Hello and welcome, I would guess at 1930's or 1940's manufacture. See what others say, 
This look like the original finish, what sort of re finish are you looking for? 
I think it's thin veneer and the amount of work involved to scrape and get through the finish varnish and stain to bare wood will be long and arduous.
A pic of you're desired finish would probably be very helpful
Regards Rodders


----------



## blackrodd (31 Oct 2015)

Hello and welcome, I would guess at 1930's or 1940's manufacture. See what others say, 
This look like the original finish, what sort of re finish are you looking for? 
I think it's thin veneer and the amount of work involved to scrape and get through the finish varnish and stain to bare wood will be long and arduous.
A pic of you're desired finish would probably be very helpful
Regards Rodders


----------



## Droogs (1 Nov 2015)

hHave you explained to your missus, that if you do strip this back to bare and apply a modern stain/dye that it will have a very very reddish tinge to it that a lot of people nowadays don't like. i would suggest that you make up some reviver (recipes and links can be found in various threads here) on the back of the splashback as it will have the same finish as the rest of the piece but wont be seen if you gauva it up. by using the reviver you will take a lot of the crud off and be able to see the true colour of the piece. If you like it go ahead and strip the rest and then once cleaned off just shellac it up with lots and lots and lots of thin coats to bring it back to its original glory. for a piece thhis size averaging a couple of hours per night should take you about 3 weeks to finish the restoration. check out some French polishing techniques on youtube and then by the supplies needed. Best to go for "Blonde" shellac using a 2lb cut. HTH
droogs


----------



## Tom61 (1 Nov 2015)

Thanks for the reply, Rodders.
The guy said there's no varnish in the finish?
I was told to use a Scotchbrite pad and meths, which would just soak everything out leaving the original wood?
From what you're saying it's not as simple as that.
Originally, the wife wanted it painting black, to match our other furniture.
I thought it would be a shame, as the wood would come up lovely and new after a bit of effort.
She's now decided to go for that and dump all our black furniture, and wants to replace it with the modern, light oak stuff available.
I'm guessing that's not feasible now, is it?
If not, what would you suggest for bringing it back to life?
I could maybe persuade her to go for darker oaks with the new furniture then, once she sees how nice it looks.
Many thanks.
Regards Tom


----------



## Tom61 (1 Nov 2015)

Hi Droogs.
Seems you posted as I was writing.
I think you've answered the questions I posed.
I'll start researching now I've been pointed in the right directions.
Sweatbands at the ready!
Once it's done I'll post a photo.
Many thanks to both of you.
Kind regards,
Tom


----------



## AndyT (1 Nov 2015)

Fashions in furniture are as strange as any other fashions.

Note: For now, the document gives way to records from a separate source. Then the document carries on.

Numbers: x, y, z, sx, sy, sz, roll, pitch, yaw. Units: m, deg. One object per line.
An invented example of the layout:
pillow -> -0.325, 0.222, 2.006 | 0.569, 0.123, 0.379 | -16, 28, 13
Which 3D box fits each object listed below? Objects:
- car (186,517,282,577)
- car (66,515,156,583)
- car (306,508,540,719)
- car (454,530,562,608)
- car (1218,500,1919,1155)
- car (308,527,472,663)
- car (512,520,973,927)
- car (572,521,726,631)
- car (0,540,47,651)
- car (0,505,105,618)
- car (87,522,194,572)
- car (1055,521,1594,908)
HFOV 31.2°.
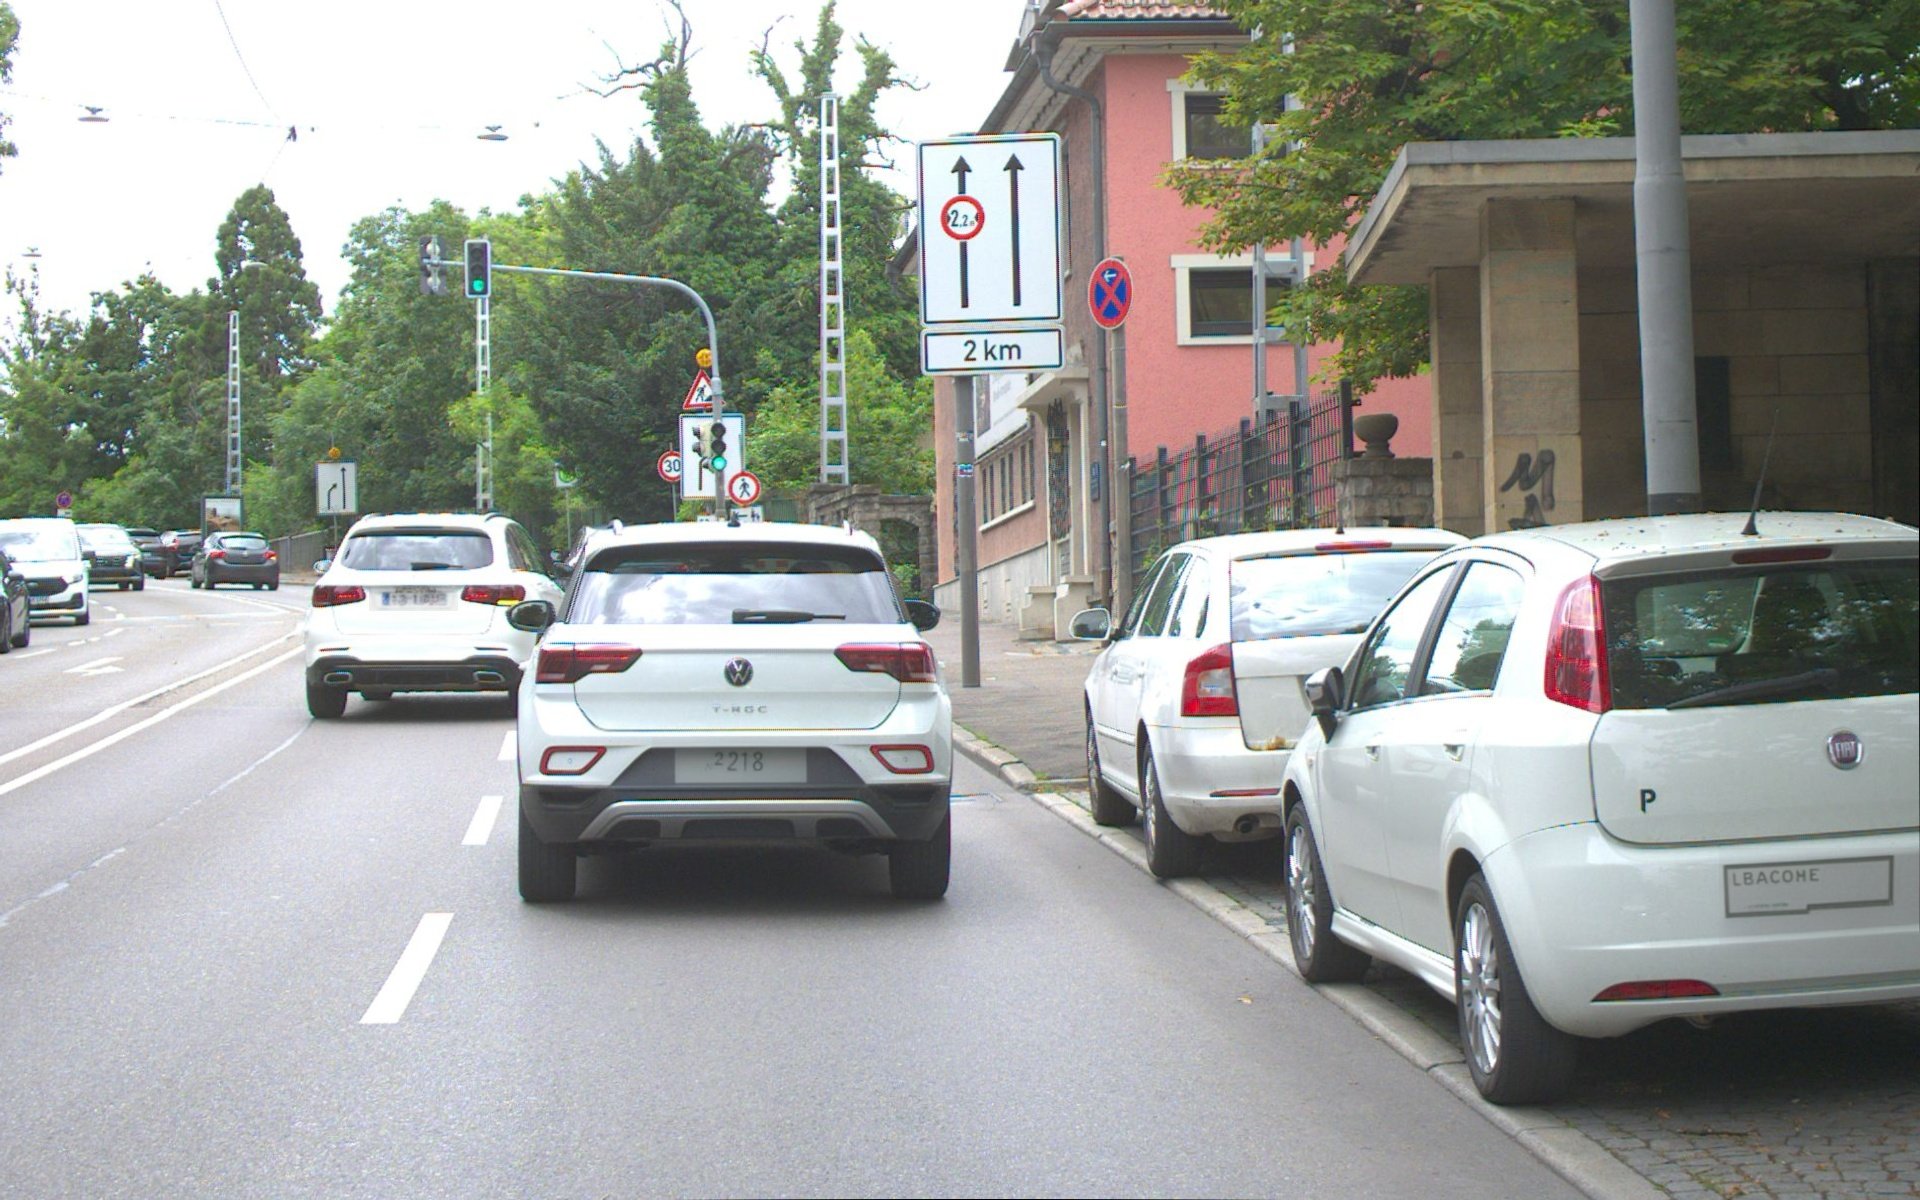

As said already, removing the current finish to get to bare wood will be a long difficult job with the risks of going through the veneer and of getting very uneven colours. 

If you and your wife want something light coloured then your best bet might be to clean off any grease and dirt with a little white spirit on a rag and then paint it. You'd still have the curved shape and the shadow effect of the applied blocks.


----------



## MusicMan (1 Nov 2015)

Yes 1930s Art Deco. Quite nice, sacrilege to repaint or strip it! I have a 1930s set from my parents. Agreed you do have to be very careful with the thin veneer, and you probably have no chance of getting it back to a light oak finish without hitting the plywood underneath. As Andy says, clean - if you must - with white spirit or a commercial wax remover, but then best to use clear wax rubbed on with wire wool, buff when dry.I would just wax it to keep the patina.

Tell your wife that painted any colour would be horribly anachronistic for Poirot, and would ruin the value.


----------



## Tom61 (2 Nov 2015)

Where to start!
Thanks for all the replies.

Droogs - Looked for a reviver recipe and found loads ... and loads of arguments about how to make it.
One thread suggested The English Polisher on YouTube.
Watched a few of his videos and he made it look easy. Sorry, I KNOW there's more to it, and some of you have spent a lifetime learning techniques, which I fully respect.
I'm 61 and just starting. Bit old to spend years learning the fine arts of a new trade.
He made a writing desk look amazing to my untrained eye in a matter of hours.
I'd be more than satisfied if mine looks half as good.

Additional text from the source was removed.